_Information supplied_
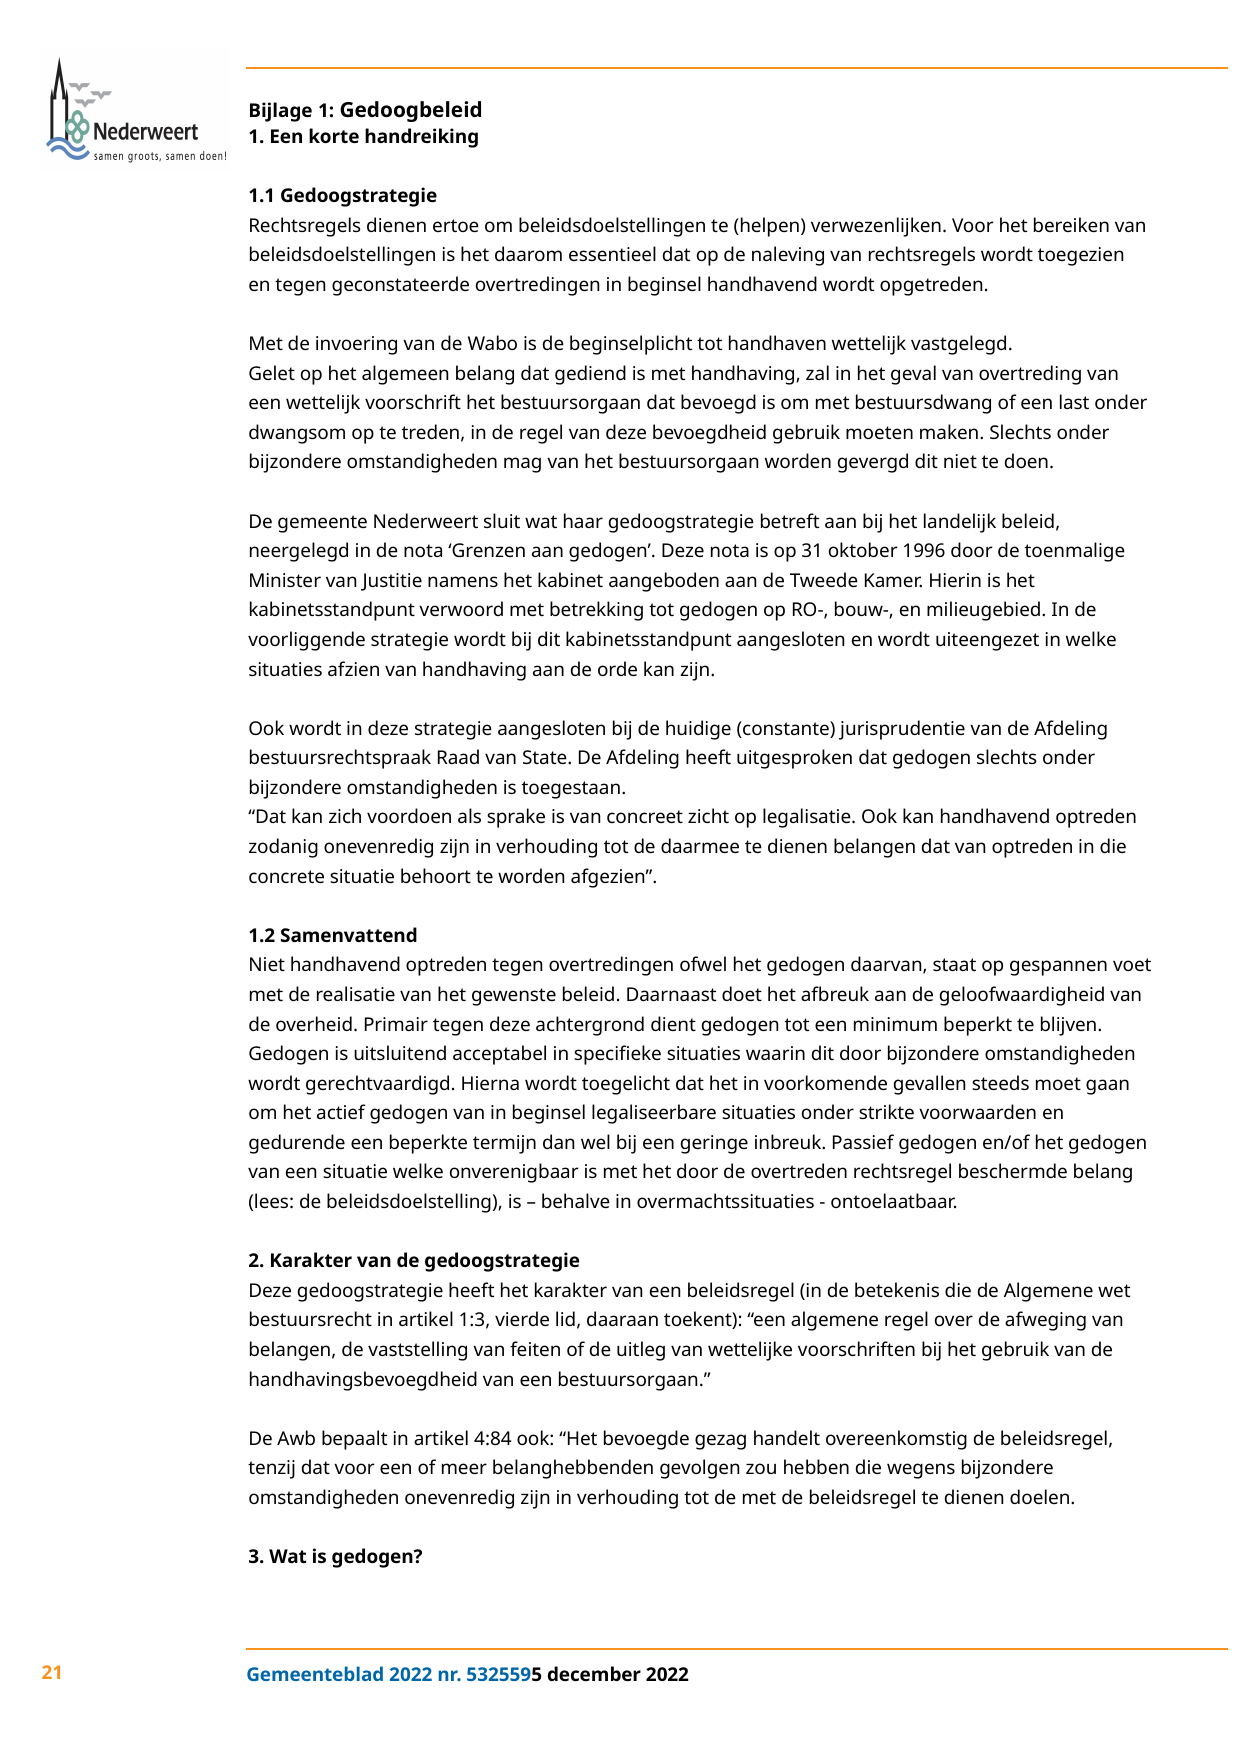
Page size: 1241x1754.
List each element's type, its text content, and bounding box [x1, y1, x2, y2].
* * *
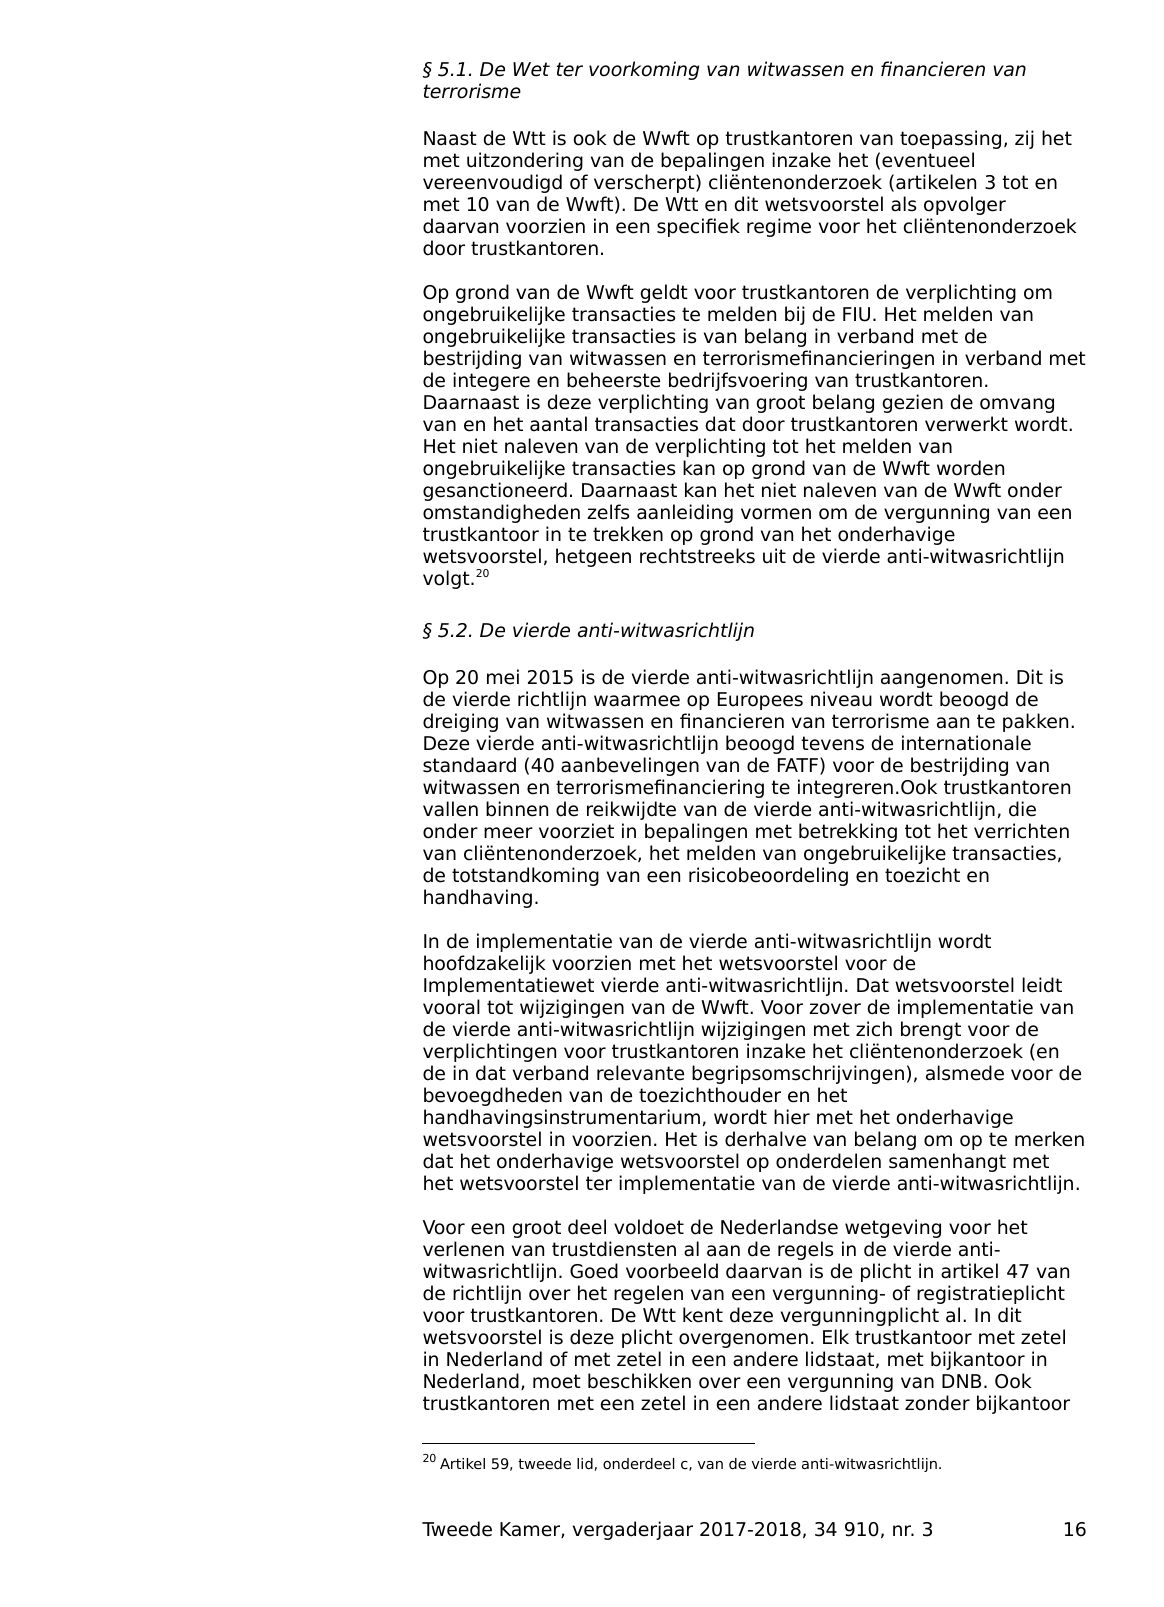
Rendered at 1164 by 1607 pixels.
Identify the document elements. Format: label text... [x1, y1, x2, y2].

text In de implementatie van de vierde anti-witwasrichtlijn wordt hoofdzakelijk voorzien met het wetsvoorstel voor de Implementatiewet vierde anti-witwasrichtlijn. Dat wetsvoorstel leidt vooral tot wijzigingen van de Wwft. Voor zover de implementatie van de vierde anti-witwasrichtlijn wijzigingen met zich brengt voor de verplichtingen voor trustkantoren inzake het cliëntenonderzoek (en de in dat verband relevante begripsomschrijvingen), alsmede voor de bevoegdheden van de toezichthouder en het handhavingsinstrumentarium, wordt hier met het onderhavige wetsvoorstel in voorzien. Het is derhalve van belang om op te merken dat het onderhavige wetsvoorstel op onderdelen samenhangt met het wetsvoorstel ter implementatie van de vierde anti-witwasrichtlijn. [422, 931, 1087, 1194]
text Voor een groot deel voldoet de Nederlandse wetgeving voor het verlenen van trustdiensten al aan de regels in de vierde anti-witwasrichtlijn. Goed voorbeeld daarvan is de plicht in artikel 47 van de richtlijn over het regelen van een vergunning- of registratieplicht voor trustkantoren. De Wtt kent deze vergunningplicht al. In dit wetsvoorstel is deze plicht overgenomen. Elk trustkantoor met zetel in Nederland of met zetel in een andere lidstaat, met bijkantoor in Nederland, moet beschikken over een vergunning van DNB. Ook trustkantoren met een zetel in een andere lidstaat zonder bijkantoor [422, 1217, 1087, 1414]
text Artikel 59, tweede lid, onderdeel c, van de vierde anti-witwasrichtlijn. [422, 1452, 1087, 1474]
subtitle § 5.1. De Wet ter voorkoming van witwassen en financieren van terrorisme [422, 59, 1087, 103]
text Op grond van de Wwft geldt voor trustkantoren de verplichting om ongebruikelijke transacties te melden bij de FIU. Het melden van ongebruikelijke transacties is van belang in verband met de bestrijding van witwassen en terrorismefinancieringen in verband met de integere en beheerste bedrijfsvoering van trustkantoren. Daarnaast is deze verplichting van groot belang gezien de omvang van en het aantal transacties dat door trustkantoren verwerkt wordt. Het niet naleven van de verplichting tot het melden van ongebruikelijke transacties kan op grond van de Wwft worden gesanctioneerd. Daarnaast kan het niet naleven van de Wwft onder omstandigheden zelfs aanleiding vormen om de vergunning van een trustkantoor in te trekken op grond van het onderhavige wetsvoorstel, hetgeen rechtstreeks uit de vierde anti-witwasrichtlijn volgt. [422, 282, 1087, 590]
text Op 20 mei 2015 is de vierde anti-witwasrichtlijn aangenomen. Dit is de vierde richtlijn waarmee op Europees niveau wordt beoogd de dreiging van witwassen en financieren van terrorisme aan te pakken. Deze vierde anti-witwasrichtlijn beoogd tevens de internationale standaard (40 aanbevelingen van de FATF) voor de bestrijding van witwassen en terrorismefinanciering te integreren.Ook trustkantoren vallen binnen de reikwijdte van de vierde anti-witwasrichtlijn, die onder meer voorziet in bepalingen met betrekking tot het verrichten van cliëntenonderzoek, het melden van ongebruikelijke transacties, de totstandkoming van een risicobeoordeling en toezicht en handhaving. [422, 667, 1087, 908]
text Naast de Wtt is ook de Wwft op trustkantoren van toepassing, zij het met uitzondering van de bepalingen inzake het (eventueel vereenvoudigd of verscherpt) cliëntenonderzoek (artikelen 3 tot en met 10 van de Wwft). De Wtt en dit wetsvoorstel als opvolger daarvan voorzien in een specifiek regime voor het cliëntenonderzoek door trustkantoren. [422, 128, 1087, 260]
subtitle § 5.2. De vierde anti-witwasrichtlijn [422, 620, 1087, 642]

_Problem description_
Give the exact lines, and only those, from the line containing "Page size: 1241x1754." through the line containing "List each element's" in the entries above.

_Response to this exercise_
Page size: 1241x1754.
List each element's type, its text content, and bounding box [x1, y1, x2, y2].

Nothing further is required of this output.